Unfortunately, the rules are confusing as it will depend on which type of train you are taking, the length of the journey, how long you are delayed and who you are travelling with. 

For example, if you are travelling on a long-distance train, these are the ones that travel between Oslo and Bergen, Oslo and Trondheim, Oslo and Kristiansand/Stavanger and Trondheim and Bodø, then you will need to be delayed more than 60 minutes. 

READ ALSO: The key things you need to know about Norway's Bergen Line

However, if you are delayed more than 30 minutes on other train routes, you will be entitled to compensation. 

Alternatively, you can also choose to rebook the ticket if you wish. 

How much compensation are you allowed? 

By law, passengers can claim a 25 percent refund on the ticket prices if they arrive at your stop more than 60 minutes late or 50 percent when you are at least 120 minutes late. 

However, some companies offer more than what is required by law in the event that you are delayed.
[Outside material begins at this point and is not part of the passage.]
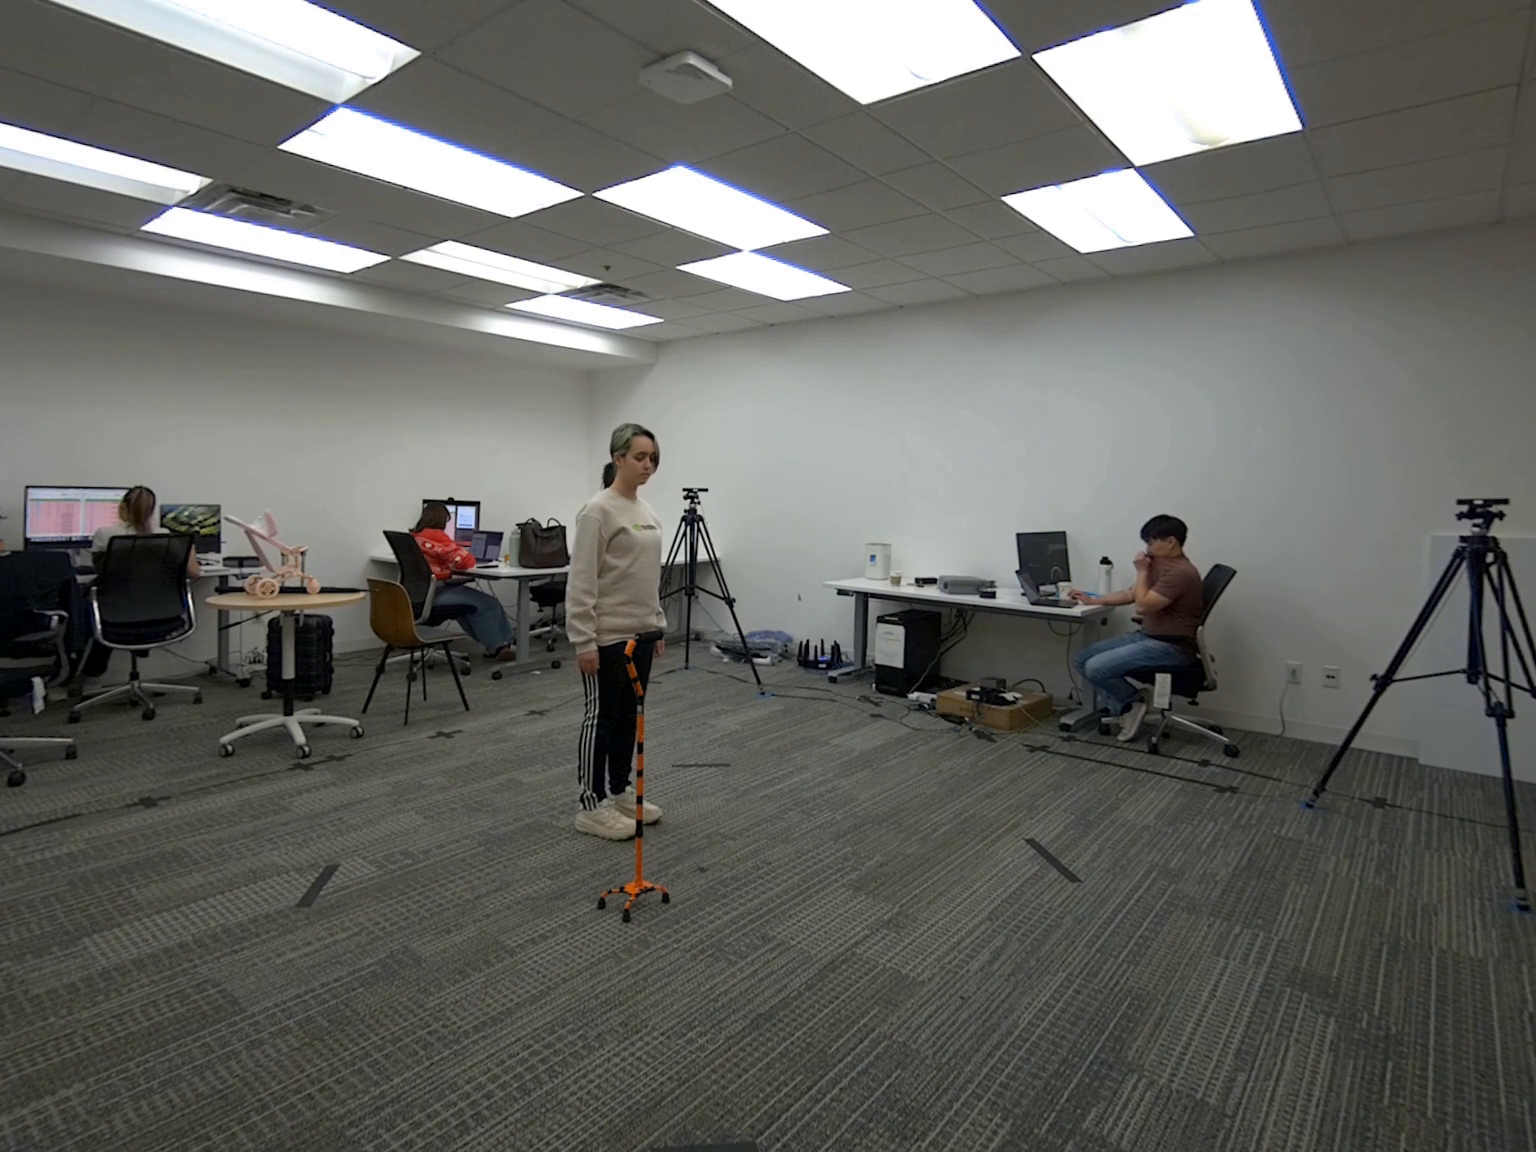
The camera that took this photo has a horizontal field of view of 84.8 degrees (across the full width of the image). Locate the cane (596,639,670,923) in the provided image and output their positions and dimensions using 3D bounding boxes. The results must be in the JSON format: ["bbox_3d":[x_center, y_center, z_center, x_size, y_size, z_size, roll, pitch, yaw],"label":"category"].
[{"bbox_3d":[-0.437,0.640,2.813,0.157,0.906,0.200,5,4,41],"label":"cane"}]

For example, Vy, SJ and Go-Ahead allow passengers 50 percent of the ticket price if there is an hour delay on long journeys. For shorter trips, you can claim half back if you are delayed by 30 minutes. 
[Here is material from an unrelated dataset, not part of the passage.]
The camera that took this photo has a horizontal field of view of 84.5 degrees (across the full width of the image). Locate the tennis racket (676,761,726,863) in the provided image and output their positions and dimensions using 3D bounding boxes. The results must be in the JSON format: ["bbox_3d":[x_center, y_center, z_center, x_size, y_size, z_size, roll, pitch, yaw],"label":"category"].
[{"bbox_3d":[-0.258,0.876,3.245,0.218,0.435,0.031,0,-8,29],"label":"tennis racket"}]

You will be entitled to a refund even if you haven't incurred any extra expenses due to the issue and if you are rebooked onto another train or taken by a replacement bus service. 

Additionally, as long as there isn't a strike or extreme weather event causing the delay (or something deemed beyond the control of Bane Nor, which operates rail infrastructure), you can also request to have any additional expenses covered in relation to the delay. 

This can be done in cases when the train company has been unable to fund alternative transport. You will need to keep the receipts of these expenses, and they must be within reasonable limits. 


This means you can't order a private limo and steak dinner in lieu of the train being late. You also can't claim when other transport options provided by the rail company are available, and you have time to take it. 

If you are taking a connecting service, you also need to have calculated a reasonable time to make the transfer in case of delays. 

Season ticket holders can also claim compensation back. The rules differ slightly between VySJ and Go-Ahead. So be sure to check them out. 

If you are travelling to the airport, you will need to have calculated an extra 60 minutes on long-distance trains and 30 minutes on short-distance trains to check-in time at the airport. Therefore you will need to calculate arriving at the airport at least 30 minutes before the check-in time from the airline to be eligible for compensation if you are held up. 

If you do face delays but don't account for them in your planning, you will not be eligible, even if you miss your flight. 

On the Flytoget service, if you are delayed more than 30 minutes and miss your flight, you can demand a new plane ticket. 

How to complain

If you are delayed or have a service cancelled, then you should ask a conductor for proof and confirmation. 

Then you will need to lodge a complaint with the company you travelled with, and then one to the Transport Complaints Board.